Insights into CO/Styrene Copolymerization by Using PdII Catalysts Containing Modular Pyridine–Imidazoline Ligands

TLDR: The performance of the cationic complexes as catalyst precursors in CO/4-tert-butylstyrene copolymerization under mild pressures and temperatures was analyzed in terms of the productivity and degree of stereoregularity of the polyketones obtained.

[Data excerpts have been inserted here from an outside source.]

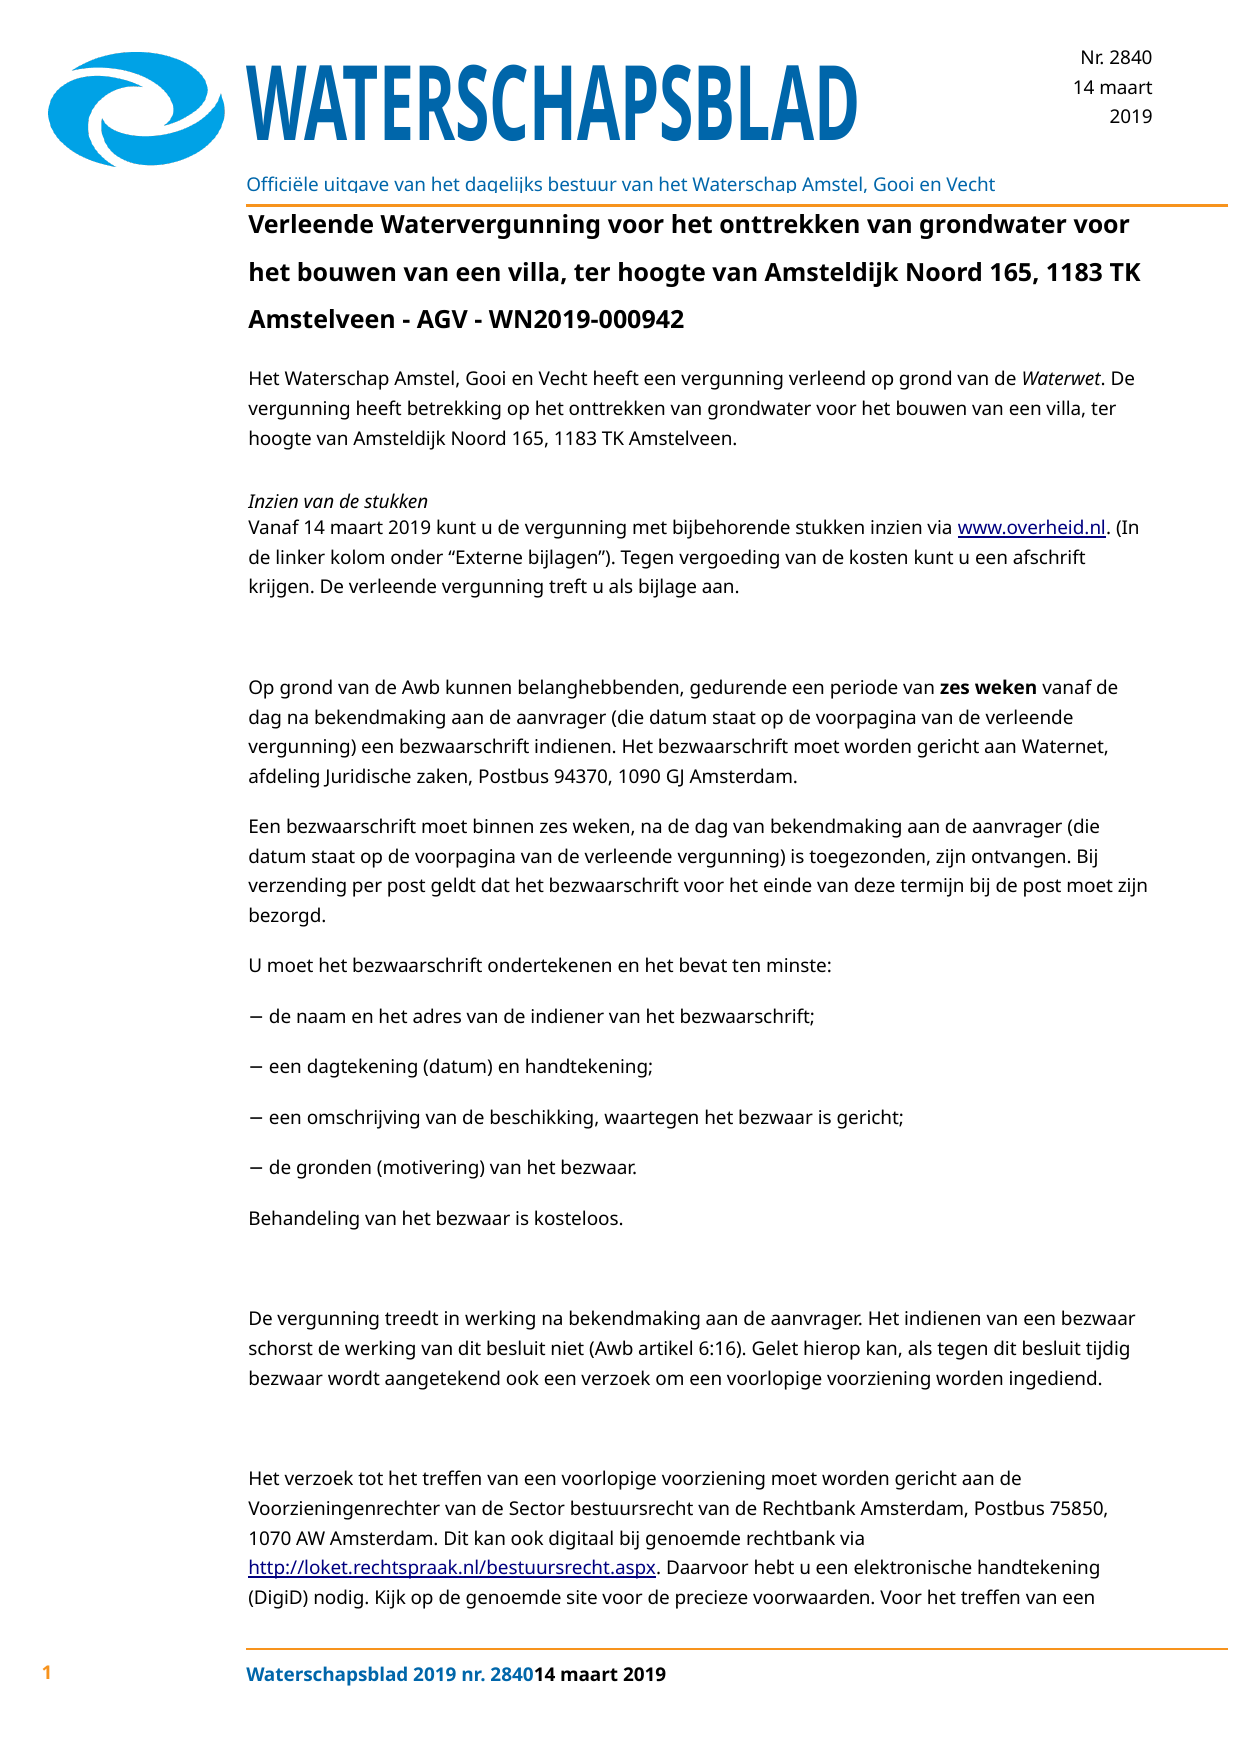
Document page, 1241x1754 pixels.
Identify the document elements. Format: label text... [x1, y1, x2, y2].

text − de gronden (motivering) van het bezwaar. [248, 1154, 1152, 1180]
text − een omschrijving van de beschikking, waartegen het bezwaar is gericht; [248, 1104, 1152, 1130]
text Het Waterschap Amstel, Gooi en Vecht heeft een vergunning verleend op grond van de Waterwet. De vergunning heeft betrekking op het onttrekken van grondwater voor het bouwen van een villa, ter hoogte van Amsteldijk Noord 165, 1183 TK Amstelveen. [248, 366, 1152, 450]
text Inzien van de stukken [248, 489, 1152, 514]
text Het verzoek tot het treffen van een voorlopige voorziening moet worden gericht aan de Voorzieningenrechter van de Sector bestuursrecht van de Rechtbank Amsterdam, Postbus 75850, 1070 AW Amsterdam. Dit kan ook digitaal bij genoemde rechtbank via http://loket.rechtspraak.nl/bestuursrecht.aspx. Daarvoor hebt u een elektronische handtekening (DigiD) nodig. Kijk op de genoemde site voor de precieze voorwaarden. Voor het treffen van een [248, 1466, 1152, 1610]
text − een dagtekening (datum) en handtekening; [248, 1053, 1152, 1079]
text Een bezwaarschrift moet binnen zes weken, na de dag van bekendmaking aan de aanvrager (die datum staat op de voorpagina van de verleende vergunning) is toegezonden, zijn ontvangen. Bij verzending per post geldt dat het bezwaarschrift voor het einde van deze termijn bij de post moet zijn bezorgd. [248, 813, 1152, 928]
text Verleende Watervergunning voor het onttrekken van grondwater voor het bouwen van een villa, ter hoogte van Amsteldijk Noord 165, 1183 TK Amstelveen - AGV - WN2019-000942 [248, 207, 1152, 336]
text U moet het bezwaarschrift ondertekenen en het bevat ten minste: [248, 953, 1152, 978]
text − de naam en het adres van de indiener van het bezwaarschrift; [248, 1003, 1152, 1029]
text Vanaf 14 maart 2019 kunt u de vergunning met bijbehorende stukken inzien via www.overheid.nl. (In de linker kolom onder “Externe bijlagen”). Tegen vergoeding van de kosten kunt u een afschrift krijgen. De verleende vergunning treft u als bijlage aan. [248, 514, 1152, 599]
text De vergunning treedt in werking na bekendmaking aan de aanvrager. Het indienen van een bezwaar schorst de werking van dit besluit niet (Awb artikel 6:16). Gelet hierop kan, als tegen dit besluit tijdig bezwaar wordt aangetekend ook een verzoek om een voorlopige voorziening worden ingediend. [248, 1306, 1152, 1391]
text Behandeling van het bezwaar is kosteloos. [248, 1205, 1152, 1231]
picture [41, 47, 231, 172]
text Op grond van de Awb kunnen belanghebbenden, gedurende een periode van zes weken vanaf de dag na bekendmaking aan de aanvrager (die datum staat op de voorpagina van de verleende vergunning) een bezwaarschrift indienen. Het bezwaarschrift moet worden gericht aan Waternet, afdeling Juridische zaken, Postbus 94370, 1090 GJ Amsterdam. [248, 674, 1152, 789]

Abstract: Continuing our studies into the effect that N-N' ligands have on CO/styrene copolymerization, we prepared new C(1)-symmetrical pyridine-imidazoline ligands with 4',5'-cis stereochemistry in the imidazoline ring (5) and 4',5'-trans stereochemistry (6-10) and compared them with our previously reported ligands (1-4). Their coordination to neutral methylpalladium(II) (5 a-10 a) and cationic complexes (5 b-10 b), investigated in solution by NMR spectroscopy, indicates that both the electronic and steric properties of the imidazolines determine the stereochemistry of the palladium complexes. The crystal structures of two neutral palladium precursors [Pd(Me)(2-n)Cl(n)(N-N')] (n=1 for 8 a; n=2 for 9 a') show that the Pd-N coordination distances and the geometrical distortions in the imidazoline ring depend on the electronic nature of the substituents in the imidazoline fragment. Density functional calculations performed on selected neutral and cationic palladium complexes compare well with NMR and X-ray data. The calculations also account for the formation of only one or two stereoisomers of the cationic complexes. The performance of the cationic complexes as catalyst precursors in CO/4-tert-butylstyrene copolymerization under mild pressures and temperatures was analyzed in terms of the productivity and degree of stereoregularity of the polyketones obtained. Insertion of CO into the Pd-Me bond, which was monitored by multinuclear NMR spectroscopy, shows that the N ligand influences the stereochemistry of the acyl species formed.